Before mid-sized arrays came high-density arrays. Illumina (www.illumina.com), known for its whole-genome genotyping and work on the HAPmap project, is one of the leading players. Its Golden Gate assays at 1,536-plex on each of 96 bead-based arrays on Illumina’s microplate-compatible Sentrix Array Matrix. For higher-density applications, the company uses the Sentrix Bead Chip. Its oligo-coated 3-micron beads are assembled in etched wells, resulting in an array with 12 million features per device.
The company also introduced Sentrix HumanHap Genotyping BeadChips for genome-wide disease association research. Used with the Infinium assay, researchers can interrogate the human genome at single-base resolution. Call rates exceed 99 percent and reproducibility and accuracy approach 100 percent, according to Illumina.
Beckman Coulter expanded the GenomeLab SNPstream Genotyping System to process up to 48 SNPs in each well of a 384-well plate. “Of the thousands of SNPs found in discovery, maybe between 10 and 200 are important in elucidating a particular biological endpoint,” notes Noreen Galvin, director of automation. Analyzing them would require validating thousands of SNPs.

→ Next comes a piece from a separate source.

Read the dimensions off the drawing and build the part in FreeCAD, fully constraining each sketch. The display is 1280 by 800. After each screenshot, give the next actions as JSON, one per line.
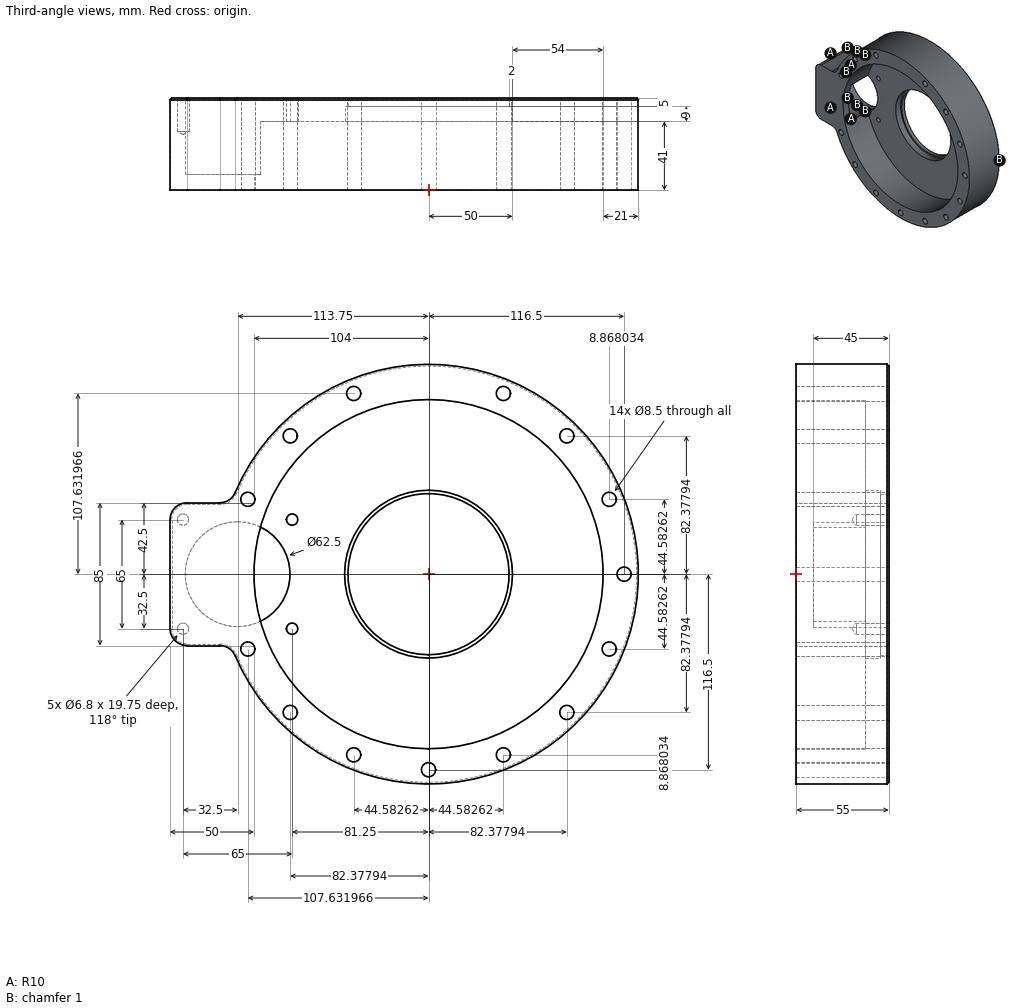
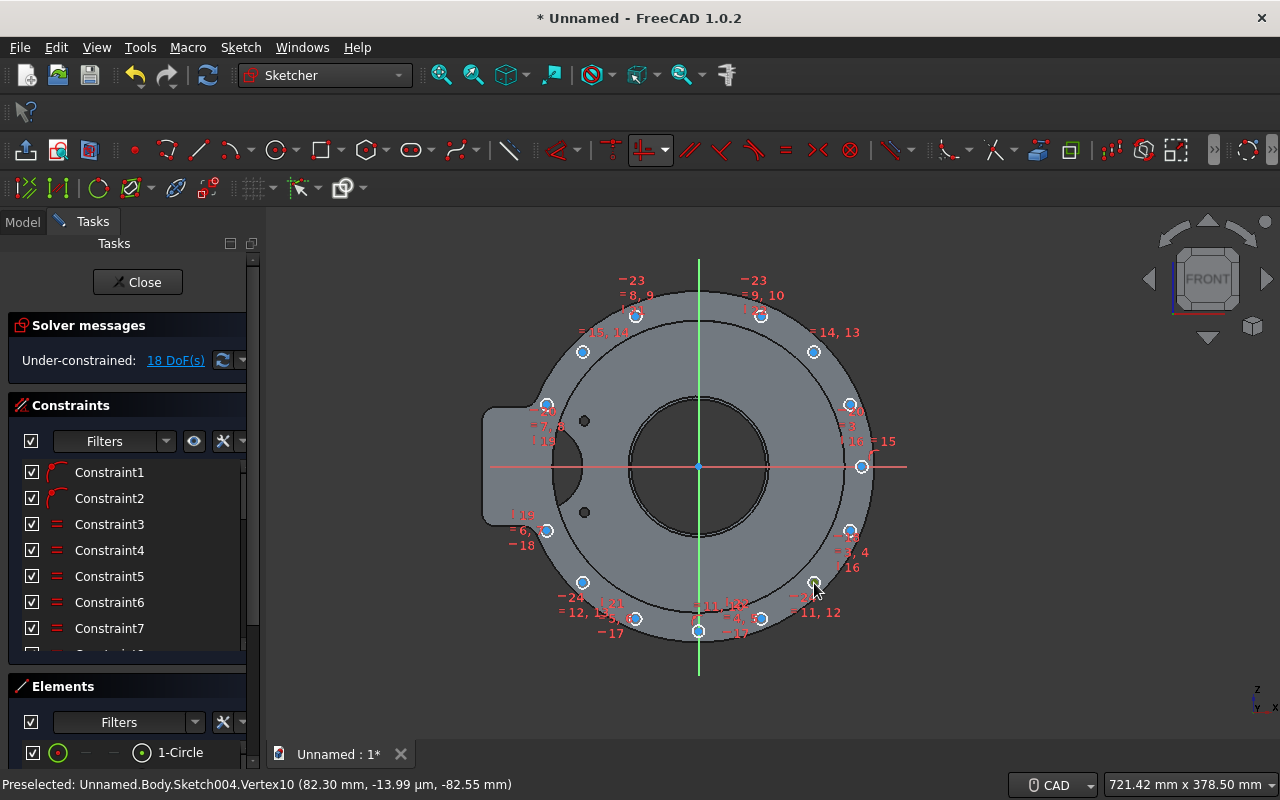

The SNPstream scales to between 4,000 and more than 3 million assays per day, providing a cost-effective way to interrogate a realistic number of markers in a single assay, she says. “We lay down a primer, look for a mutation, and extend it by one base. If it’s there, it will bind. Fluorescence will detect it.” Beckman Coulter recently launched a multiplexing platform for studying gene expression, the GenomeLab GeXP. This capillary electrophoresis-based system enables the multiplexed expression of up to 30 genes per well.
Late last year, Invitrogen launched the HEEBO and MEEBO (human and mouse, respectively, exonic evidence-based oligonucleotide) probes for array labeling and detection, according to Wendy Price, business area manager for gene-expression profiling and genome-expression profiling. “They are used mainly for expression profiling,” she says. Designed for Illumina’s high-density arrays, in one experiment HEEBO can interrogate nearly 49,000 data points, and MEEBO can interrogate nearly 39,000 data points, Price adds.
Although this article focuses on multiplexed arrays, they are only part of the story. The other part revolves around validating specific markers, creating better antibodies to get better information and, of course, knowing how best to analyze and use the resultant information.